Start of RECORD EXCERPTS

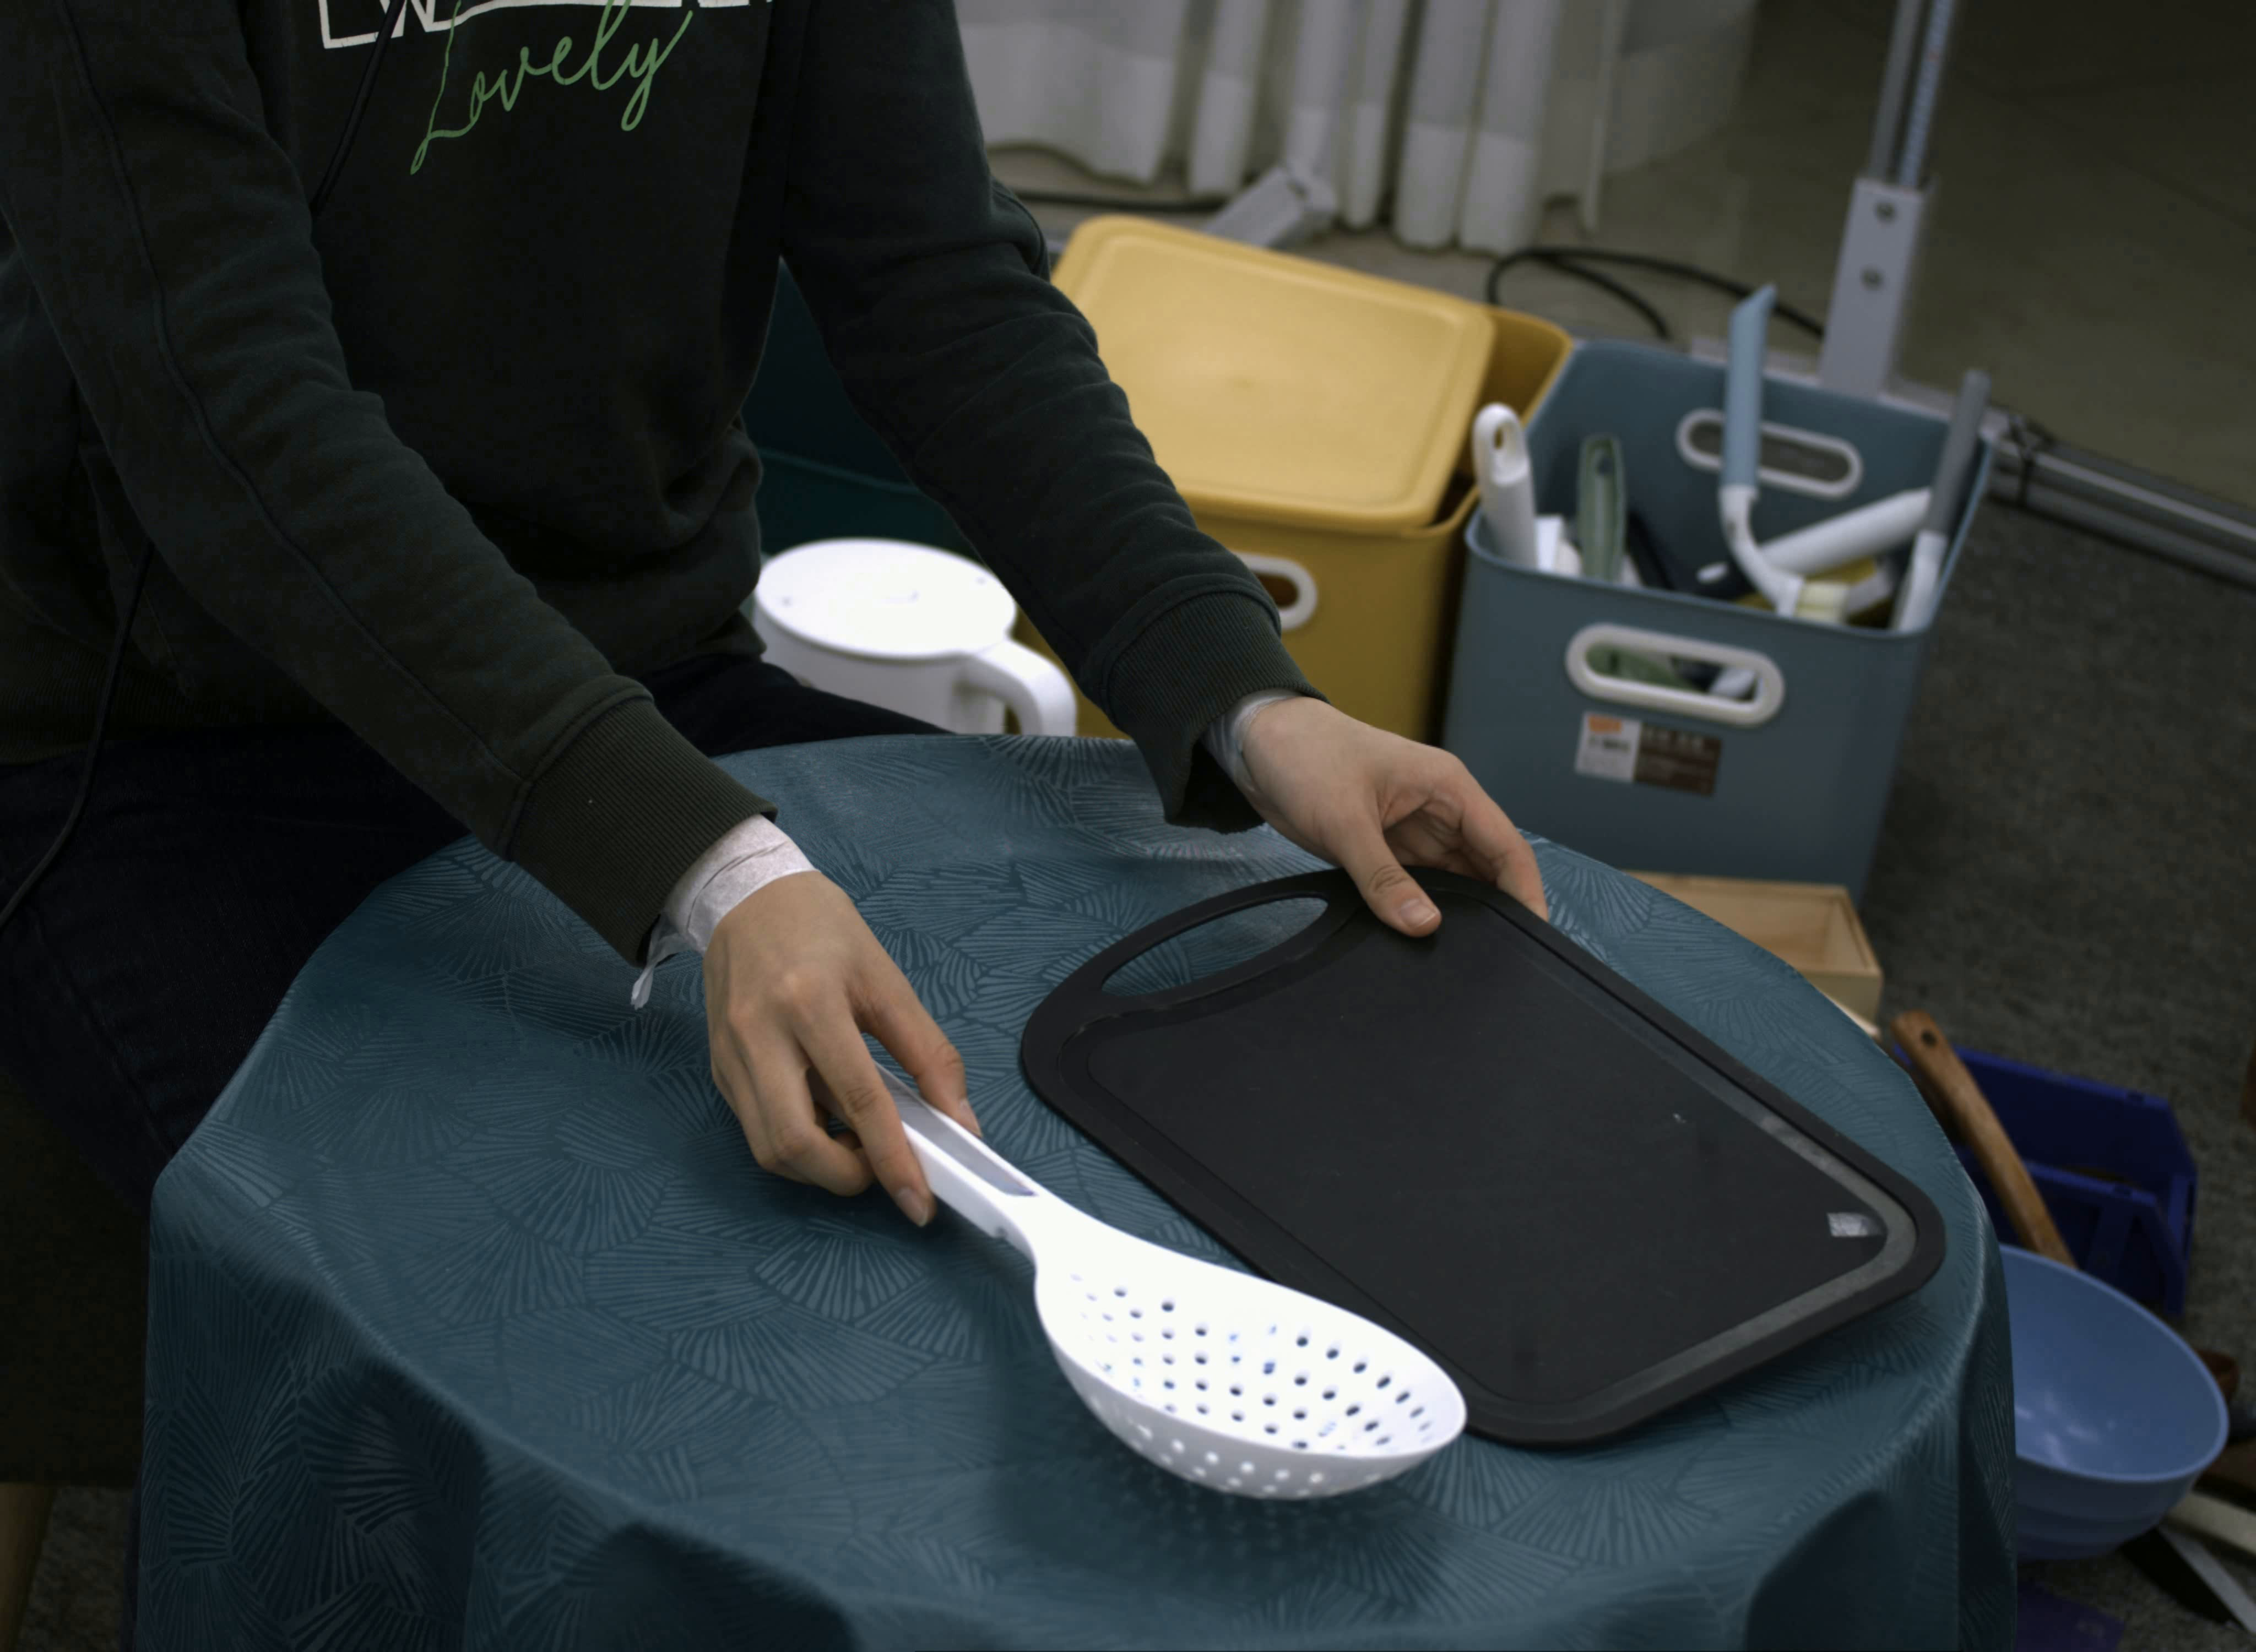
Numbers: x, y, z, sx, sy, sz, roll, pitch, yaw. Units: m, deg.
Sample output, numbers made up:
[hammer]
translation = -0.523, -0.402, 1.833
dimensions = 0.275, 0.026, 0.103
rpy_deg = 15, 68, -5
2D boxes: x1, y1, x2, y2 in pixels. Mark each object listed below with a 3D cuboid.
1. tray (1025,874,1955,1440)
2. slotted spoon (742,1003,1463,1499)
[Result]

End of RECORD EXCERPTS

WHAT NEEDS TO BE DONE: Find "rpy_deg = 15, 68, -5" in the data above, then repeat that line and all lines after it exactly, ending with the final line.

SOLVED EXERCISE:
rpy_deg = 15, 68, -5
2D boxes: x1, y1, x2, y2 in pixels. Mark each object listed below with a 3D cuboid.
1. tray (1025,874,1955,1440)
2. slotted spoon (742,1003,1463,1499)
[Result]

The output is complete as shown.